Gay-Lussac Law Related Problems

Gay-Lussac’s Law states that the pressure of a given mass of gas fluctuates clearly with the temperature of the gas when the volume is kept constant. In Gay-Lussac’s law, the volume remains constant, whereas the pressure remains directly proportional to the temperature. The usual equations for Gay-Lussac’s law are P/T = constant or

PiTi = PfTf

where

Let Pi be the initial pressure  and Ti be the absolute temperatures

Let Pf be the final pressure and Tf be the initial temperature

Gay-Lussac Law

Gay-Lussac’s law says that a gas’s pressure fluctuates directly with temperature whenever the volume is constant. So if the temperature rises, the pressure rises with it. As the temperature rises, the kinetic energy of the gas particles also increases. Because of the increased energy, the molecules hit the container’s walls with more force, resulting in higher pressure.

Edmonton’s Law is another name for Gay Lussac’s Law. Edmonton demonstrated the same logic by inventing the thermometer with a reading for the current temperature.

History 

In 1802 a French scientist and physicist named Joseph Louis Gay-Lussac observed that as you hold an overall gas consistent and apply heat, the pressure of the gas will rise. This is due to the gases’ higher kinetic energy, which causes them to collide more forcefully with the container’s walls (resulting in greater pressure).

Tips – 

When addressing a Gay-law Lussac’s problem, keep the following considerations in mind:

• The only constant is the volume of the gas.
• Pressure is directly proportional to the rise in the temperature of the gas.
• If the temperature drops, so do the pressure of the gas

The K.E. of gas particles is estimated by temperature. Particles move even more relaxed at a lower temperature and will undoubtedly hit the container’s wall—the speed of the particles increases, considering how the temperature rises. 

Gay-Lussac Law related Problem –

• Deduce the pressure change when a steady volume of gas is at 1.00 atm and the temperature increases from 20.0 °C to 30.0 °C.

Solution:

Before solving, convert temperature into kelvin scale:

T1= 273+20=293 K

T2= 273+30=303 K

P1 / T1 = P2 / T2

1.00 atm / 293 = x / 303

x = 1.03 atm

• A 30.0 L sample of nitrogen inside a metal compartment at 20.0 °C is put inside a broiler whose temperature is 50.0 °C. The pressure inside the compartment at 20.0 °C was 3.00 atm. What is the pressure of the nitrogen after its temperature is increased?

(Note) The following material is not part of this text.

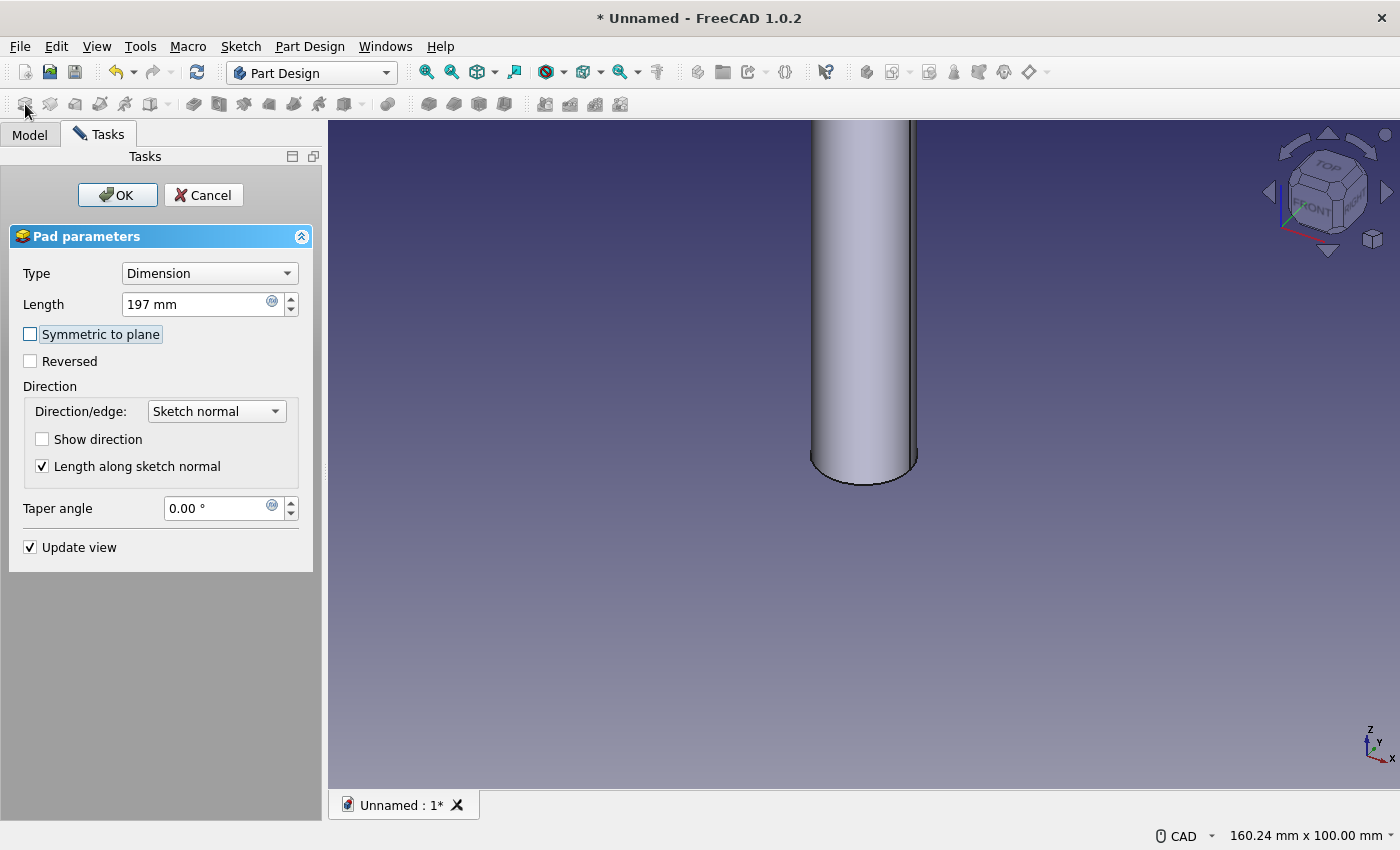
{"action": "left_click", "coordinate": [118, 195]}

Step by step Solution of the given problem:

P1 / T1 = P2 / T2

3.00 atm / 293.0 K = x / 323.0 K

x = 3.31 atm

• A certain gas at 3.00 x 103 mmHg inside a steel tank is cooled from 500.0 °C to 0.00 °C. What is the final pressure of the gas in the steel tank?

Step by step Solution of the given problem:

P1 / T1 = P2 / T2

P1T2 = P2T1

P2 = (P1T2) / T1

P2 = [(3000 mmHg) (273 K)] / 773 K

• Calculate the last pressure inside a scuba tank after it cools from 1.00 x 103 °C to 25.0 °C. The underlying pressure in the tank is 130.0 atm.

Step by step Solution of the given problem:

P1 / T1 = P2 / T2

P1T2 = P2T1

P2 = (P1T2) / T1

P2 = [(130.0 atm) (298 K)] / 1273 K

P2=30.43 atm

• Think about an optimal gas with a flat temperature of T1. To what outright temperature could the gas be warmed to twofold its tension? 

Step by step Solution of the given problem:

P1 / T1 = P2 / T2

We need the pressure to be twofold, so set P1 = 1 and P2 = 2. The units don’t make any difference since they are very similar: atm, kPa, mmHg, torr. It doesn’t make any difference which one you use.

We need to see what the temperature does, so set T1 to 1 K and T2 to x. The temperature matters; it should be in Kelvins.

Therefore:

1 / 1 = 2 / x

x = 2 K

• The temperature of a certain gas in a steel compartment at 30.0 kPa is expanded from −100.0 °C to 1.00 x 103 °C. What is the final pressure inside the tank?

Solution:

P2 = (P1T2) / T1

P2 = [(30.0 kPa) (1273 K)] / 173 K

P2 = 220.75 atm

Conclusion

When mass and volume are kept consistent, Gay- Lussac’s law states that a gas’ pressure fluctuates with temperature. As the temperature increases, the pressure increases with it. 

The Gay-Lussac’s Law has various significances. In this article, we learned how to find the temperature and pressures of a gas system using this law.